● Required work: Word for word, please restate the line containing "text Since we've" and all the lines that follow it to the end of the data.

● The data:
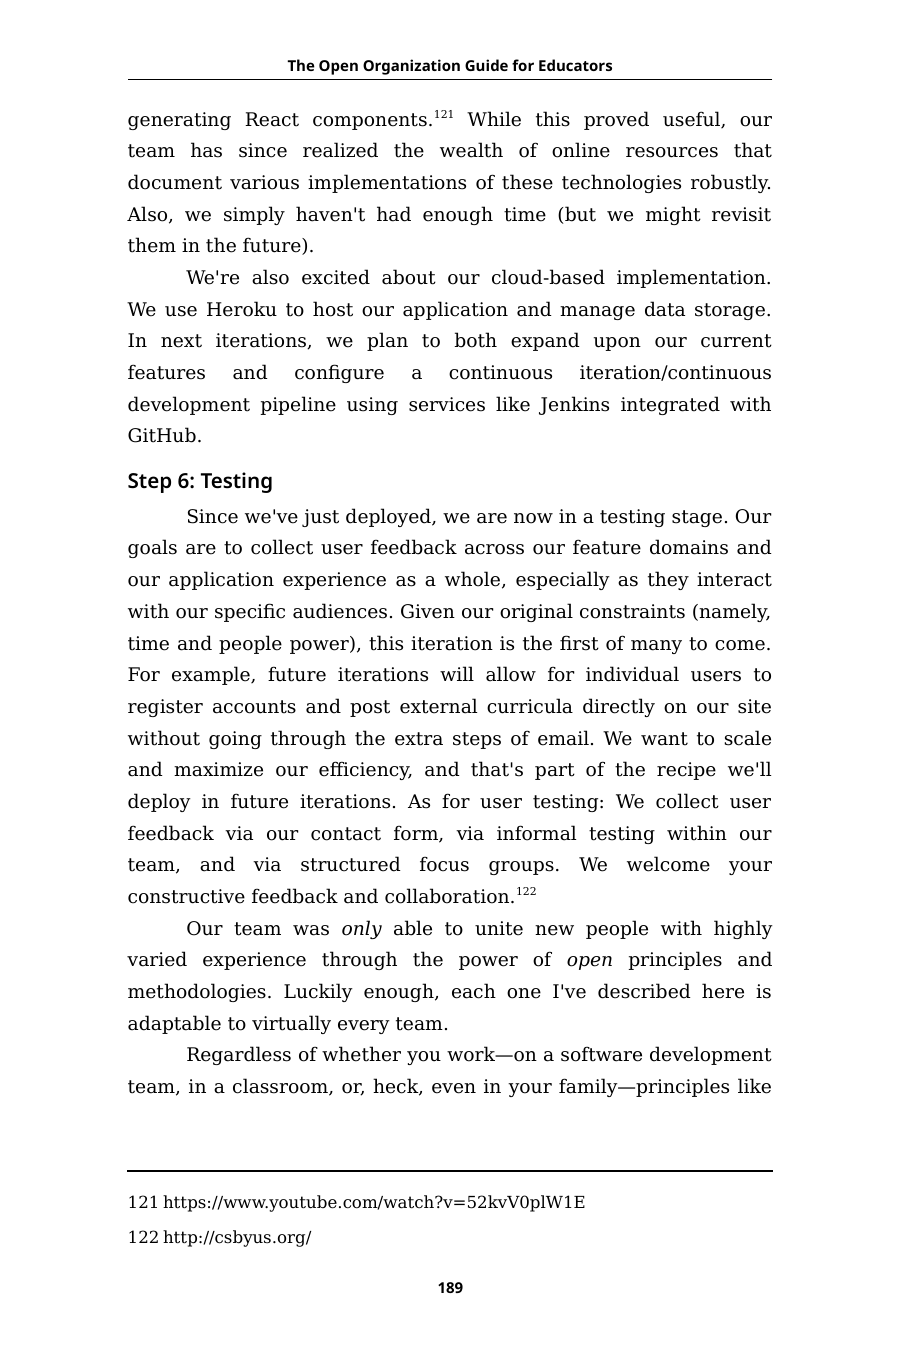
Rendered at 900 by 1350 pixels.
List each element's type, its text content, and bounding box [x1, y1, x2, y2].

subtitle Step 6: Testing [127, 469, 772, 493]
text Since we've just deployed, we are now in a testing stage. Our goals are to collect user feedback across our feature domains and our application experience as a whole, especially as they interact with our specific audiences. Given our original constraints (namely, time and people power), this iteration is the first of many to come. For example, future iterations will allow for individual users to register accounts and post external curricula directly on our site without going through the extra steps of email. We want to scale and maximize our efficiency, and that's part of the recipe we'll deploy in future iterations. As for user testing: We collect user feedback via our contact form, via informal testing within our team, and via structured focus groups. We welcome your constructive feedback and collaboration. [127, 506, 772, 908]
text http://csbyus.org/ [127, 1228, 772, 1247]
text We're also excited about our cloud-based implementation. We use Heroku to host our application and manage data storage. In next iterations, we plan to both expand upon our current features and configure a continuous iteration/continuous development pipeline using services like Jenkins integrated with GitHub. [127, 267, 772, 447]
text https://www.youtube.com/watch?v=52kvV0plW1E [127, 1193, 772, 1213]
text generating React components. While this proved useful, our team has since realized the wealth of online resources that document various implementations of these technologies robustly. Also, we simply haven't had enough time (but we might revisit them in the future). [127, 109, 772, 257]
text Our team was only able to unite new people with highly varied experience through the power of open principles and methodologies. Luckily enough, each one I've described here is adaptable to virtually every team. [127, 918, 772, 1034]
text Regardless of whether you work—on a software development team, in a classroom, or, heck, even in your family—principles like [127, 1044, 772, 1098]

● Task output:
text Since we've just deployed, we are now in a testing stage. Our goals are to collect user feedback across our feature domains and our application experience as a whole, especially as they interact with our specific audiences. Given our original constraints (namely, time and people power), this iteration is the first of many to come. For example, future iterations will allow for individual users to register accounts and post external curricula directly on our site without going through the extra steps of email. We want to scale and maximize our efficiency, and that's part of the recipe we'll deploy in future iterations. As for user testing: We collect user feedback via our contact form, via informal testing within our team, and via structured focus groups. We welcome your constructive feedback and collaboration. [127, 506, 772, 908]
text http://csbyus.org/ [127, 1228, 772, 1247]
text We're also excited about our cloud-based implementation. We use Heroku to host our application and manage data storage. In next iterations, we plan to both expand upon our current features and configure a continuous iteration/continuous development pipeline using services like Jenkins integrated with GitHub. [127, 267, 772, 447]
text https://www.youtube.com/watch?v=52kvV0plW1E [127, 1193, 772, 1213]
text generating React components. While this proved useful, our team has since realized the wealth of online resources that document various implementations of these technologies robustly. Also, we simply haven't had enough time (but we might revisit them in the future). [127, 109, 772, 257]
text Our team was only able to unite new people with highly varied experience through the power of open principles and methodologies. Luckily enough, each one I've described here is adaptable to virtually every team. [127, 918, 772, 1034]
text Regardless of whether you work—on a software development team, in a classroom, or, heck, even in your family—principles like [127, 1044, 772, 1098]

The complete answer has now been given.